The elements of these reports are described in the Guide for Editors. While the aspects reported on there are primarily intended to help editors initially identify potential issues best addressed prior to review, they nevertheless include a number of insights into package structure which may usefully inform the review process.

Components of these reports intended to aid reviews include a complete report of standards compliance, generated with the srr package, and an interactive diagram of inter-relationships between package functions (and other objects), generated with the pkgstats package. These can be recreated locally by first installing these two packages by running either,

remotes::install_github ("ropensci-review-tools/pkgstats")
remotes::install_github ("ropensci-review-tools/srr")

or,

pak::pkg_install ("ropensci-review-tools/pkgstats")
pak::pkg_install ("ropensci-review-tools/srr")

Within a local clone of the package being reviewed, the report on statistical standards can be generated by running srr::srr_report(), with the sample report linking to a version of that report which may be viewed here, and the detailed statistical properties of the package and associated interactive diagram of package structure generated by running,

library (pkgstats)
x <- pkgstats () # 'x' has lots of detail on package structure
plot_network (x)

This network, the sample version of which may be viewed here, provides immediate visual insight into the relationships between all objects constructed within a package in all languages used, both R itself and any languages used in src/ code such as C or C++. The following section describes the srr report in more detail, and its intended use in assessing compliance with our standards.

5.2 Assessment Against Standards

The entire system for peer review of statistical software is based on sets of general and category-specific standards given in Chapter 6 of this book.
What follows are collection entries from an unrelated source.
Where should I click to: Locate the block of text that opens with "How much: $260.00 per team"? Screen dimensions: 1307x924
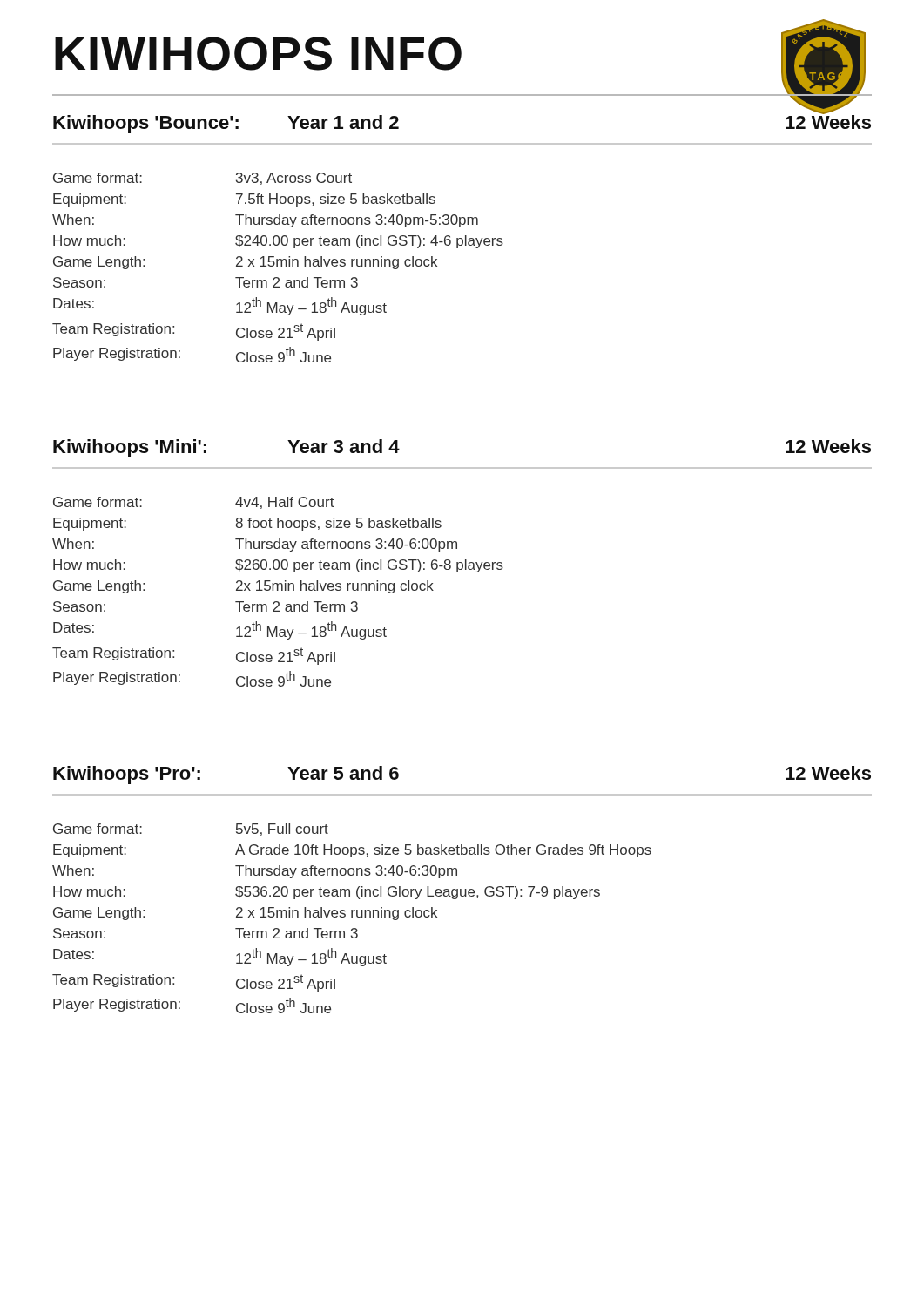(462, 566)
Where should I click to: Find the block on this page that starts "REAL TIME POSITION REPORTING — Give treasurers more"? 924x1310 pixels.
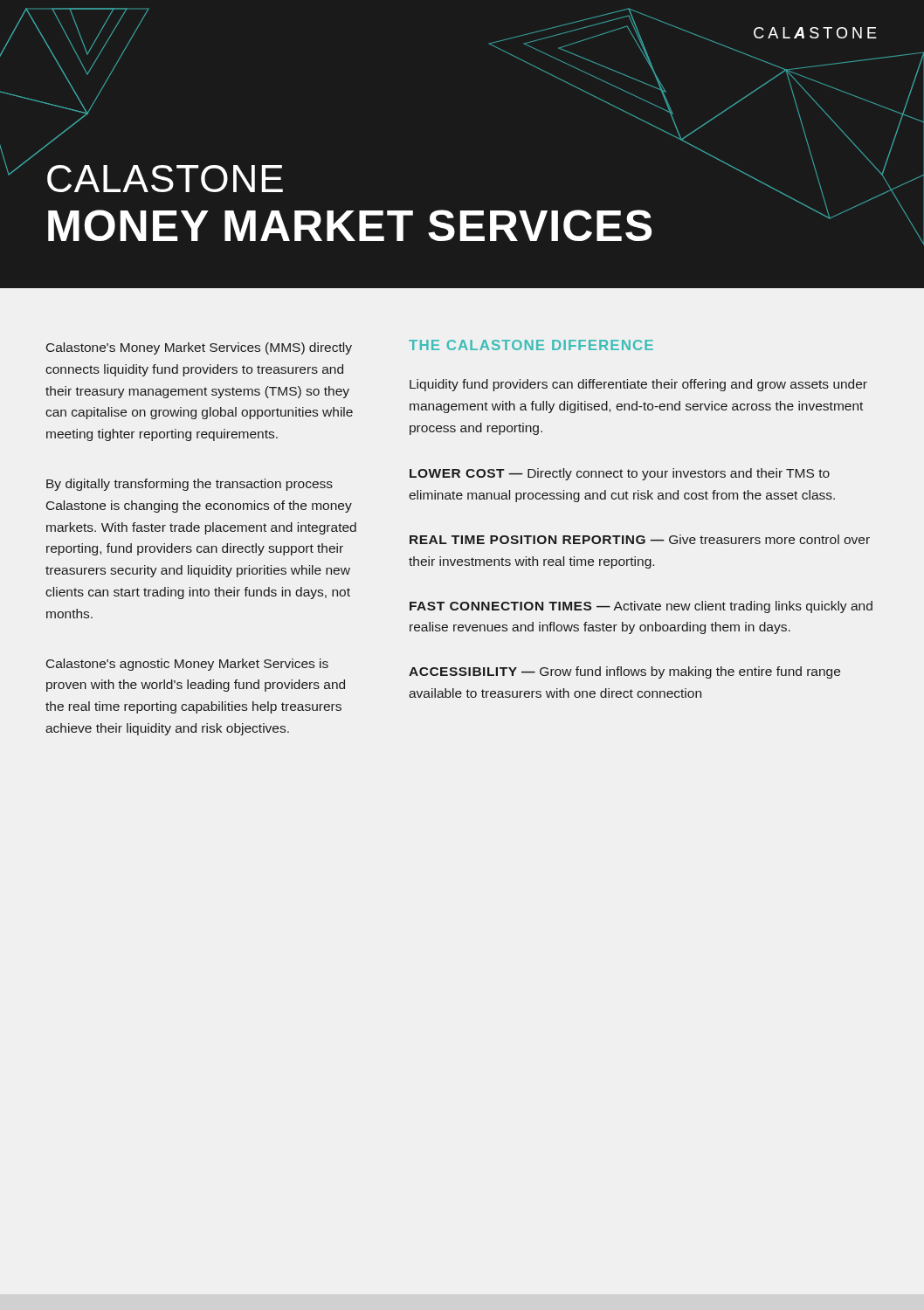click(639, 550)
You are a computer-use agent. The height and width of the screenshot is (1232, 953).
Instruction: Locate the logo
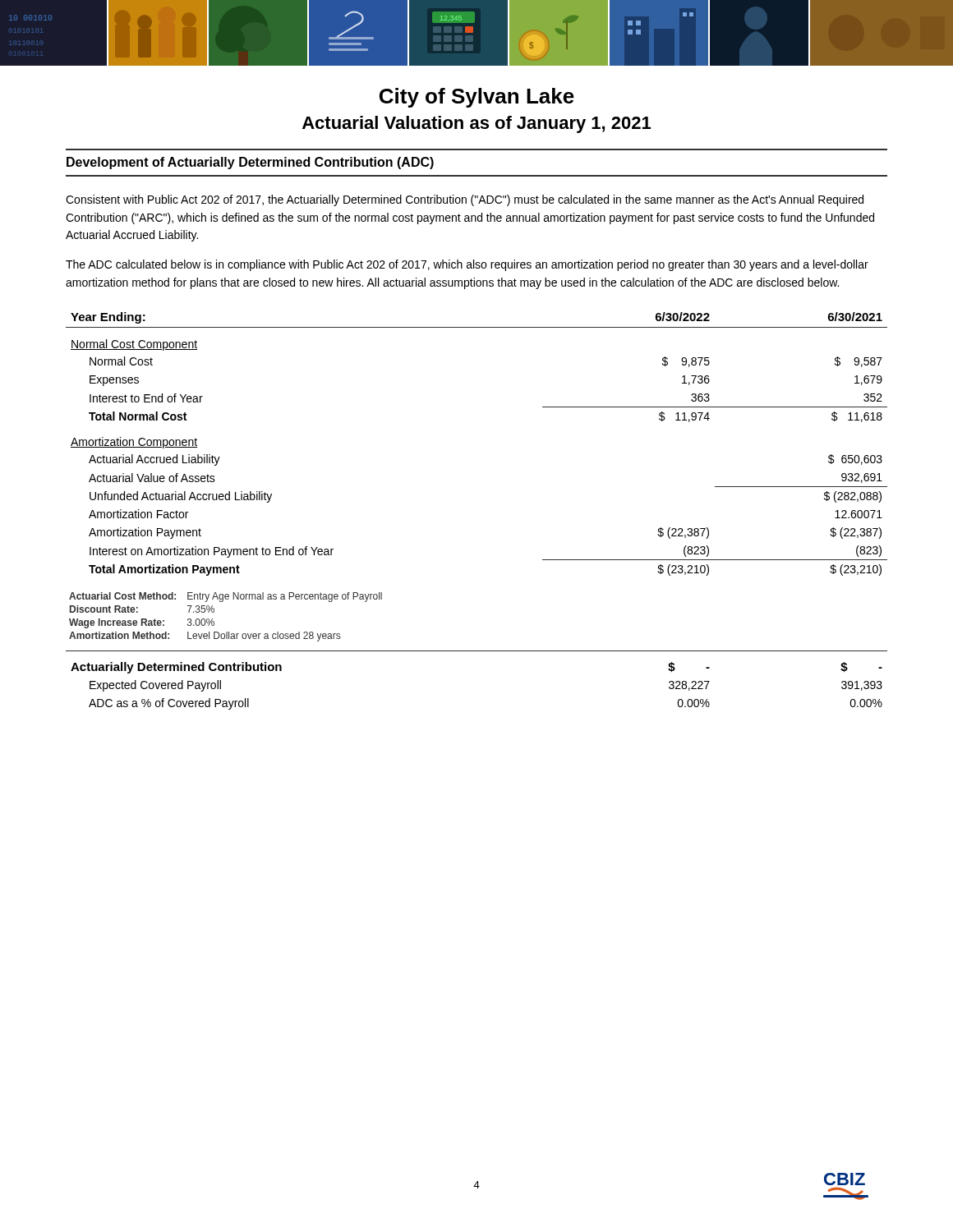(x=854, y=1185)

The process of assessing software against standards is facilitated by the srr (software review roclets) package which both authors and reviewers need to install as shown above.
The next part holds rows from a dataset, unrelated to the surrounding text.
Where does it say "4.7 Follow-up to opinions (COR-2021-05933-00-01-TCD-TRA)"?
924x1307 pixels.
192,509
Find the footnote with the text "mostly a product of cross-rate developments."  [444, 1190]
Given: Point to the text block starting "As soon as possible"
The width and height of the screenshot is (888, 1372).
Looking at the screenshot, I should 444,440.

This package is primarily intended to aid authors in documenting both how and where their software complies with each of the relevant general and category-specific standards. The function of the package used to aid reviewers is srr_report(), the output of which is linked from the initial package report described above, and can also be generated locally by simply running that function within a local clone of the package being reviewed. The report contains hyperlinks to all places in the code at which each standard is addressed.
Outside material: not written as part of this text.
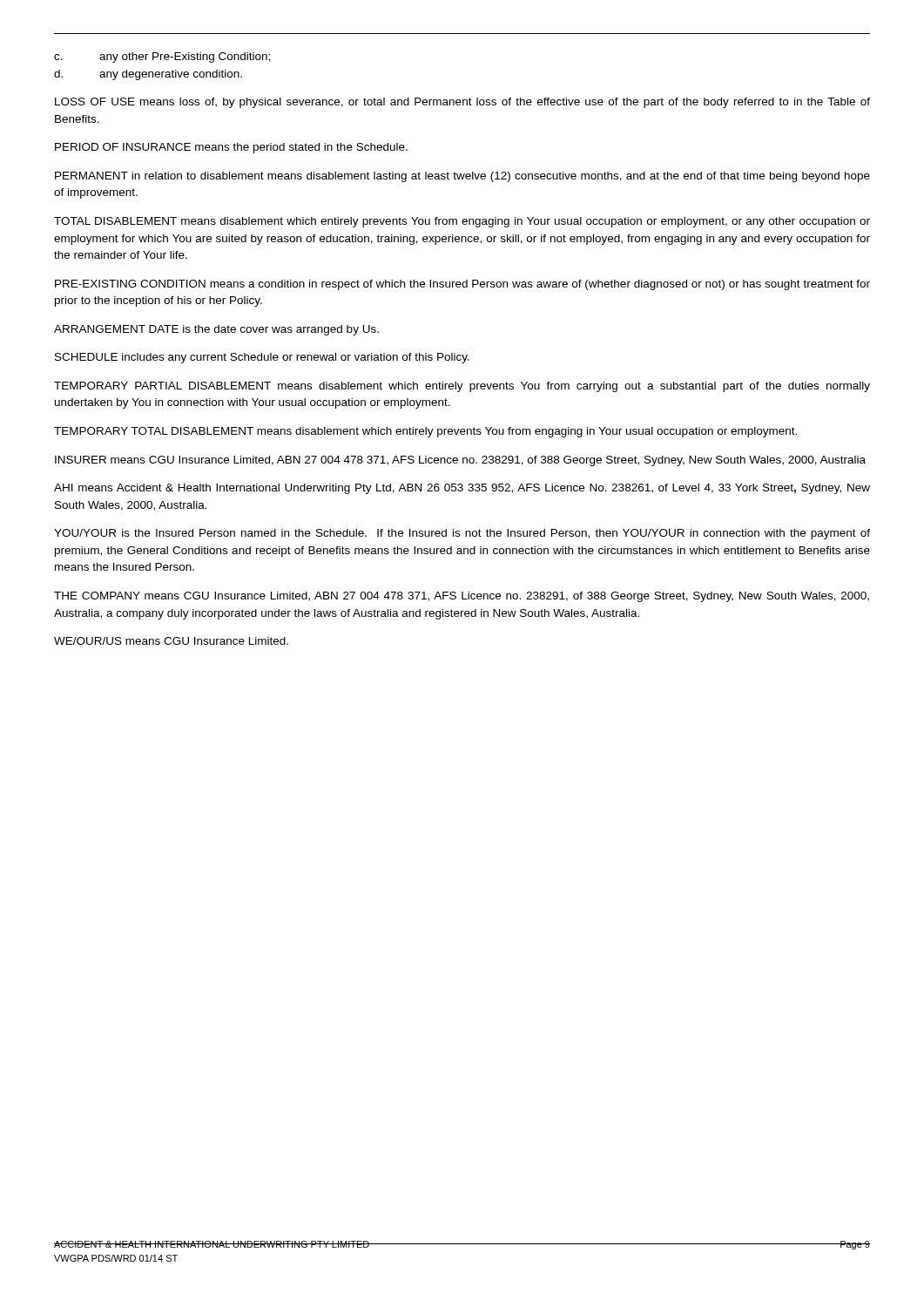Locate the text block that reads "ARRANGEMENT DATE is the date"
Screen dimensions: 1307x924
point(217,329)

Using this report, reviewers must assess their agreement with every statement either of compliance with, or non-applicability of, standards as reflected in roclet tags of:

@srrstats for standards with which software complies;
@srrstatsNA for standards which authors have deemed not to be applicable to their software.

The srr_report() is divided into two main sections containing links to locations in the code where these two types of tags are documented. No action need be taken on standards with which reviewers agree, whether because software complies and has a tag of @srrstats, or because a standard is not applicable and has a tag of @srrstatsNA. Reviewers are only asked to note any standards with which they disagree, primarily either because of:

Disagreement in standards compliance, where authors have used a tag of @srrstats but a reviewer judges either the explanation or associated code to be insufficient for compliance; or
Disagreement about non-applicability of a standard, where authors have used a tag of @srrstatsNA, but a reviewer believes that standard ought to apply to the software.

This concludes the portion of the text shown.